The actual ‘meat’ of the repair is a very interactive process and honestly best understood with a video (of which there are no shortage of available). Basically, I ran the iron over the ribbon cable and as I did, the lines underneath the iron began dancing in and out of sight. This is freaky at first, because you are going to lose lines that were working. Then they’re going to come back, and then you’re going to lose them again. You’re basically painting with a heat shotgun trying to hit 160 unique targets. A soldering iron does not feel precise here, because the connections are super tiny, so the shotgun analogy is apt here.
Eventually you’ll develop a feel for how this game works. Heat up part of the connector, get a few lines back, keep the iron moving like a hot potato, lose lines, gain lines, give the connector a break to cool off, and do it all over again a dozen times. Note that because I have so freaking many missing lines, this is the ‘hard’ mode version of this job, so I might make it sound a little more miserable than it actually is. On the other hand, supposedly the screens aren’t even necessarily able to make it back when they’re this far gone. Which means if the repair fails, it’s not really my fault. If the repair succeeds, I’ll feel like a genius for the 30-60 minutes immediately following the end of the repair.
With enough patience and perseverance, you will get to a stage where the screen stops looking like a barcode and starts looking like a black picture. For me, with only half a screens worth of lines, it did not feel like this was going to happen. The entire right 1/8th of the screen was entirely out for the count, and a single line on the very left seemed immune to reworking…
Takeaways:
- Use a sacrificial soldering iron tip that’s completely free of solder and flux residue. You won’t get any residues on the ribbon cable or LCD, but it will feel wrong.
- Keep the iron moving to avoid damaging the cable (this is common knowledge if you do any research into this type of repair)
- Patience is a requirement for results
- Using a small tool, keep gentle pressure on the ribbon cable during heating and cooling in whatever spot you think will help. It will help. Probably.

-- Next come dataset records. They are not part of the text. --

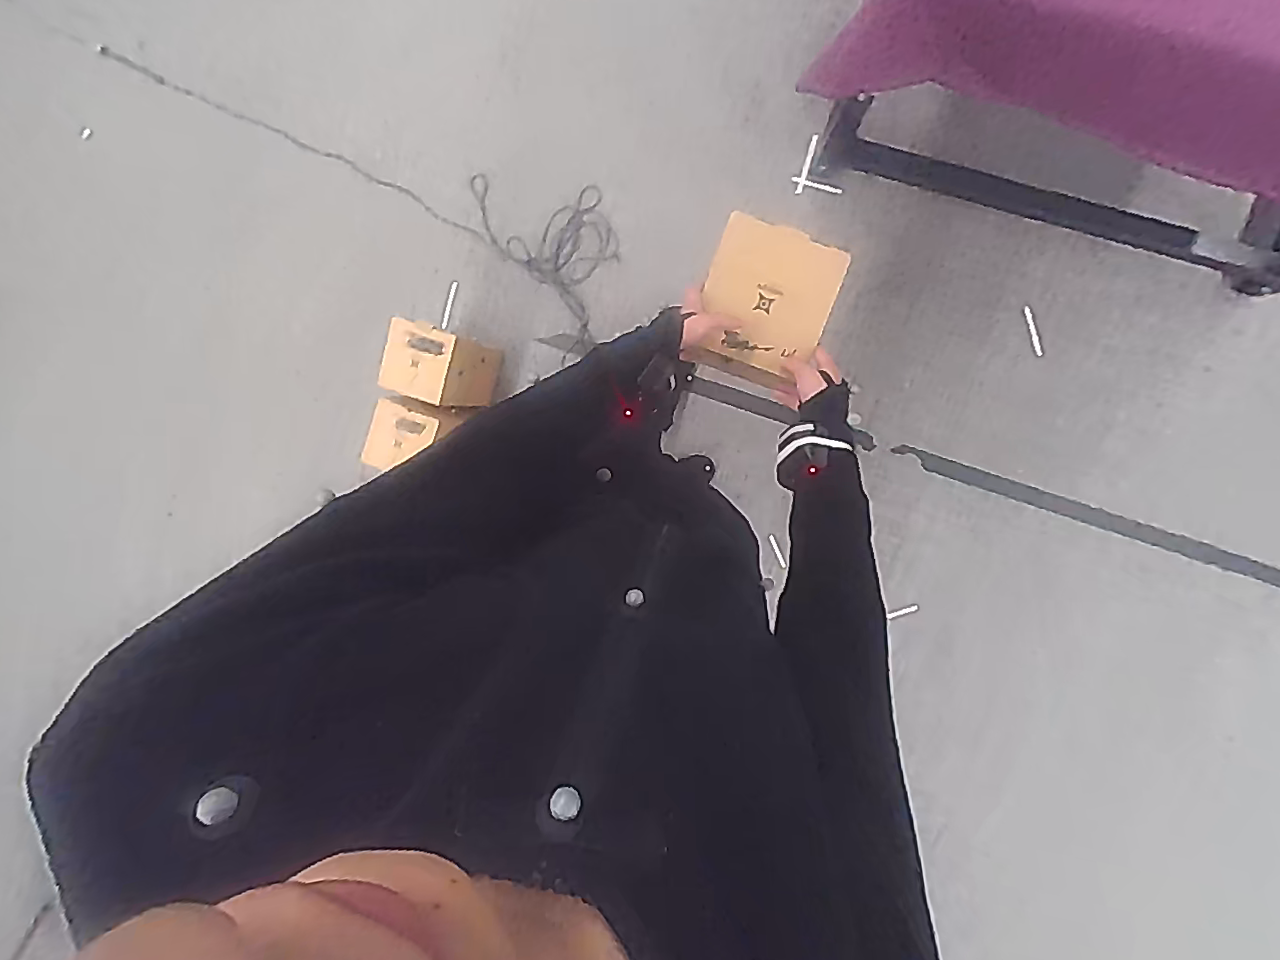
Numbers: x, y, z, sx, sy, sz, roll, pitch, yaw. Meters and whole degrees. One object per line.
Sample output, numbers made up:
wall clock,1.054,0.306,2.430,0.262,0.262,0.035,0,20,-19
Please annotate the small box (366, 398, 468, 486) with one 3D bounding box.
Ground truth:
small box,-0.575,-0.108,1.416,0.168,0.176,0.179,23,103,3

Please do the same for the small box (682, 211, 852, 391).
small box,0.164,-0.238,0.765,0.168,0.176,0.179,21,97,-1

- Patience also counts when it comes to waiting for the reflow to cool. That line you’ve been trying to fix might have been fine if you let it cool for just another second
The results
Ye of little faith…

Eventually after a lot of reflowing, I did get a fully black screen. First I had to pass the denial stage that it was not in fact going to work, and then things started looking up. Peculiar.

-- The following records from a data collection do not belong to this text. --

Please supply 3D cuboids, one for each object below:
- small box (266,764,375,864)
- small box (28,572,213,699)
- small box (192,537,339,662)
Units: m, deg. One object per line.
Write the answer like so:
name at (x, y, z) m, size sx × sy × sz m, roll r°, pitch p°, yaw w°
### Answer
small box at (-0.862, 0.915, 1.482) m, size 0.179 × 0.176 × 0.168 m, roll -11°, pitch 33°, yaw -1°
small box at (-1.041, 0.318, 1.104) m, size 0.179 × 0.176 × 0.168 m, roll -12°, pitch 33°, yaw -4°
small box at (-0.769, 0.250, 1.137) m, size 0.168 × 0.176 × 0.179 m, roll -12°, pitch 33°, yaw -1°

At this point, you can power off the Gameboy and reassemble. I decided to remove the ribbon cable and reattach after trying to fold the Gameboy sandwich back together, as the cable would bend precariously along with it.
I popped in a Tetris cartridge, and there wasn’t a pixel missing :) Make sure you test again after reassembly before you begin to celebrate, just in case.

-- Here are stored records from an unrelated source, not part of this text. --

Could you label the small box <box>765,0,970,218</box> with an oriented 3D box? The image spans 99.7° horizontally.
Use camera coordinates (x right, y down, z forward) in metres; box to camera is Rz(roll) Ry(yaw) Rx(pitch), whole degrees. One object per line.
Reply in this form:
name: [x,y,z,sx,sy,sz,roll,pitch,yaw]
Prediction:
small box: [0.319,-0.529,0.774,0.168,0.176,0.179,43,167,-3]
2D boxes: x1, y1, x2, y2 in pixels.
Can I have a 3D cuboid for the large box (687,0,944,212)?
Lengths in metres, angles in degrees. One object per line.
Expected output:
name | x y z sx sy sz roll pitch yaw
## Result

Even then, be mindful that there are probably no guarantees regarding how long the screen will continue to work. I’m not saying that because I lack faith in my handy work, or because it’s a proven fact, but just as a Murphy’s law type of suspicion - these things are aging.
I’d be interested to hear about long-term results months or years after this type of repair is performed. One would think that if the ribbon cable uses anything other than solder, it would be liable to continue to dry up or degrade. Fingers crossed it keeps ticking for the foreseeable future.